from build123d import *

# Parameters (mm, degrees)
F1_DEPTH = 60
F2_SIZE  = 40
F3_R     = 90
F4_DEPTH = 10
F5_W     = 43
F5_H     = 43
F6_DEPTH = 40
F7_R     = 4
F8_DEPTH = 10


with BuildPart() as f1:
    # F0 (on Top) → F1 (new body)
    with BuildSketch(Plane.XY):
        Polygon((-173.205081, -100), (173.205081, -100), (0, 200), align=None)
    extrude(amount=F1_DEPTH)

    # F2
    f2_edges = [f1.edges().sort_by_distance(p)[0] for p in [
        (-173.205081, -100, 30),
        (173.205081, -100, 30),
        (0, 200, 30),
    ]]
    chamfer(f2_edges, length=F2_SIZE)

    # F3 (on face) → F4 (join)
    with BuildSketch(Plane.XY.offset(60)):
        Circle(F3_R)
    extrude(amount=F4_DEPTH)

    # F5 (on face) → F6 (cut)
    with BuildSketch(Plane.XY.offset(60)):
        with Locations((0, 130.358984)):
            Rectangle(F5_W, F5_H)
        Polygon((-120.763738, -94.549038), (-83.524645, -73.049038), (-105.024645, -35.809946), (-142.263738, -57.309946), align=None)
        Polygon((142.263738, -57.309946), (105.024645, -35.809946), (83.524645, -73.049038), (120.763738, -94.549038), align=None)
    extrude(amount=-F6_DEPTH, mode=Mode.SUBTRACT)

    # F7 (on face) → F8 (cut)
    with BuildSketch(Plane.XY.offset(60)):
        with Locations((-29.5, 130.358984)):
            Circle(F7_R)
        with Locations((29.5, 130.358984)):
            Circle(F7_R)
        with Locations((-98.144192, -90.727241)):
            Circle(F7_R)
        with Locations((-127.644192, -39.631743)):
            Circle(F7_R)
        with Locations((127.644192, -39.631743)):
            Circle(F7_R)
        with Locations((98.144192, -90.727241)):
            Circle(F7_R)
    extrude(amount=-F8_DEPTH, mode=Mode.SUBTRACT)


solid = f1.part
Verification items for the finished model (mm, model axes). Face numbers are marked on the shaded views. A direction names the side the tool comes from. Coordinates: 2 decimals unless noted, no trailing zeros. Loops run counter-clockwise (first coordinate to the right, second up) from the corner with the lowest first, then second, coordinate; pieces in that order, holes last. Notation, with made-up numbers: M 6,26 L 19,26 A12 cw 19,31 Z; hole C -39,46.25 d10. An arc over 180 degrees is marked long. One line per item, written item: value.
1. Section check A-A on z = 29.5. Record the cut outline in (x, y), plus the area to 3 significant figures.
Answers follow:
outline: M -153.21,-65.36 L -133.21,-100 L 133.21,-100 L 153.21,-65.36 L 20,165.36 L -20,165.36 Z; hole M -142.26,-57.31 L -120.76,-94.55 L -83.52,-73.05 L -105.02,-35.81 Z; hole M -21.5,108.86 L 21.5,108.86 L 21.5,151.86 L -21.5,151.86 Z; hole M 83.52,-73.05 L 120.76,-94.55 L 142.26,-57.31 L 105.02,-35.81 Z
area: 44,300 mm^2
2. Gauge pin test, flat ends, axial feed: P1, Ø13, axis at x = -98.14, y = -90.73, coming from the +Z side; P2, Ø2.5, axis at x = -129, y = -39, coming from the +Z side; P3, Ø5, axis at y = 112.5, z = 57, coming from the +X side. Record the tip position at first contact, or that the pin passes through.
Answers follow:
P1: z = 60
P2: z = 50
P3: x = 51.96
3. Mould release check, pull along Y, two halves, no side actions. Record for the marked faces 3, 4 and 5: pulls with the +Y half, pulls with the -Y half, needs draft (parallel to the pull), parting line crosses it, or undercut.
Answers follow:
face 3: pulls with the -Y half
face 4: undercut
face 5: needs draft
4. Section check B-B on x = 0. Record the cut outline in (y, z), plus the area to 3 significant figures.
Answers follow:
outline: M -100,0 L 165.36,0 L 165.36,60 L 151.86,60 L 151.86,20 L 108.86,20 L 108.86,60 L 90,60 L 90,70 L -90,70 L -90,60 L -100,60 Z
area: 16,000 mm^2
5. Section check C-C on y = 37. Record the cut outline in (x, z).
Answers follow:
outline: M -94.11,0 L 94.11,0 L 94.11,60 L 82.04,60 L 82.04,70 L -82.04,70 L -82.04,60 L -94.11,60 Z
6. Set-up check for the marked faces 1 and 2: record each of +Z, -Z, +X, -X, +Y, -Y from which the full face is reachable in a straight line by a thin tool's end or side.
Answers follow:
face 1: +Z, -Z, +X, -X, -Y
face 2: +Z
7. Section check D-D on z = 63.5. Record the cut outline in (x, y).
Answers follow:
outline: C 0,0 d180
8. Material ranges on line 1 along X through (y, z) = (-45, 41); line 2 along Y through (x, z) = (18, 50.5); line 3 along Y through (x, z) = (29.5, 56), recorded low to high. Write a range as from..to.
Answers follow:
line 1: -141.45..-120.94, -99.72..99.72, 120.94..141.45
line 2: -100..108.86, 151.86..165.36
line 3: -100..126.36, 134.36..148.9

== == ==

Problem description:
What you should do is return the records above exactly, leaving nothing out.

Written solution:
from build123d import *

# Parameters (mm, degrees)
F1_DEPTH = 60
F2_SIZE  = 40
F3_R     = 90
F4_DEPTH = 10
F5_W     = 43
F5_H     = 43
F6_DEPTH = 40
F7_R     = 4
F8_DEPTH = 10


with BuildPart() as f1:
    # F0 (on Top) → F1 (new body)
    with BuildSketch(Plane.XY):
        Polygon((-173.205081, -100), (173.205081, -100), (0, 200), align=None)
    extrude(amount=F1_DEPTH)

    # F2
    f2_edges = [f1.edges().sort_by_distance(p)[0] for p in [
        (-173.205081, -100, 30),
        (173.205081, -100, 30),
        (0, 200, 30),
    ]]
    chamfer(f2_edges, length=F2_SIZE)

    # F3 (on face) → F4 (join)
    with BuildSketch(Plane.XY.offset(60)):
        Circle(F3_R)
    extrude(amount=F4_DEPTH)

    # F5 (on face) → F6 (cut)
    with BuildSketch(Plane.XY.offset(60)):
        with Locations((0, 130.358984)):
            Rectangle(F5_W, F5_H)
        Polygon((-120.763738, -94.549038), (-83.524645, -73.049038), (-105.024645, -35.809946), (-142.263738, -57.309946), align=None)
        Polygon((142.263738, -57.309946), (105.024645, -35.809946), (83.524645, -73.049038), (120.763738, -94.549038), align=None)
    extrude(amount=-F6_DEPTH, mode=Mode.SUBTRACT)

    # F7 (on face) → F8 (cut)
    with BuildSketch(Plane.XY.offset(60)):
        with Locations((-29.5, 130.358984)):
            Circle(F7_R)
        with Locations((29.5, 130.358984)):
            Circle(F7_R)
        with Locations((-98.144192, -90.727241)):
            Circle(F7_R)
        with Locations((-127.644192, -39.631743)):
            Circle(F7_R)
        with Locations((127.644192, -39.631743)):
            Circle(F7_R)
        with Locations((98.144192, -90.727241)):
            Circle(F7_R)
    extrude(amount=-F8_DEPTH, mode=Mode.SUBTRACT)


solid = f1.part
Verification items for the finished model (mm, model axes). Face numbers are marked on the shaded views. A direction names the side the tool comes from. Coordinates: 2 decimals unless noted, no trailing zeros. Loops run counter-clockwise (first coordinate to the right, second up) from the corner with the lowest first, then second, coordinate; pieces in that order, holes last. Notation, with made-up numbers: M 6,26 L 19,26 A12 cw 19,31 Z; hole C -39,46.25 d10. An arc over 180 degrees is marked long. One line per item, written item: value.
1. Section check A-A on z = 29.5. Record the cut outline in (x, y), plus the area to 3 significant figures.
Answers follow:
outline: M -153.21,-65.36 L -133.21,-100 L 133.21,-100 L 153.21,-65.36 L 20,165.36 L -20,165.36 Z; hole M -142.26,-57.31 L -120.76,-94.55 L -83.52,-73.05 L -105.02,-35.81 Z; hole M -21.5,108.86 L 21.5,108.86 L 21.5,151.86 L -21.5,151.86 Z; hole M 83.52,-73.05 L 120.76,-94.55 L 142.26,-57.31 L 105.02,-35.81 Z
area: 44,300 mm^2
2. Gauge pin test, flat ends, axial feed: P1, Ø13, axis at x = -98.14, y = -90.73, coming from the +Z side; P2, Ø2.5, axis at x = -129, y = -39, coming from the +Z side; P3, Ø5, axis at y = 112.5, z = 57, coming from the +X side. Record the tip position at first contact, or that the pin passes through.
Answers follow:
P1: z = 60
P2: z = 50
P3: x = 51.96
3. Mould release check, pull along Y, two halves, no side actions. Record for the marked faces 3, 4 and 5: pulls with the +Y half, pulls with the -Y half, needs draft (parallel to the pull), parting line crosses it, or undercut.
Answers follow:
face 3: pulls with the -Y half
face 4: undercut
face 5: needs draft
4. Section check B-B on x = 0. Record the cut outline in (y, z), plus the area to 3 significant figures.
Answers follow:
outline: M -100,0 L 165.36,0 L 165.36,60 L 151.86,60 L 151.86,20 L 108.86,20 L 108.86,60 L 90,60 L 90,70 L -90,70 L -90,60 L -100,60 Z
area: 16,000 mm^2
5. Section check C-C on y = 37. Record the cut outline in (x, z).
Answers follow:
outline: M -94.11,0 L 94.11,0 L 94.11,60 L 82.04,60 L 82.04,70 L -82.04,70 L -82.04,60 L -94.11,60 Z
6. Set-up check for the marked faces 1 and 2: record each of +Z, -Z, +X, -X, +Y, -Y from which the full face is reachable in a straight line by a thin tool's end or side.
Answers follow:
face 1: +Z, -Z, +X, -X, -Y
face 2: +Z
7. Section check D-D on z = 63.5. Record the cut outline in (x, y).
Answers follow:
outline: C 0,0 d180
8. Material ranges on line 1 along X through (y, z) = (-45, 41); line 2 along Y through (x, z) = (18, 50.5); line 3 along Y through (x, z) = (29.5, 56), recorded low to high. Write a range as from..to.
Answers follow:
line 1: -141.45..-120.94, -99.72..99.72, 120.94..141.45
line 2: -100..108.86, 151.86..165.36
line 3: -100..126.36, 134.36..148.9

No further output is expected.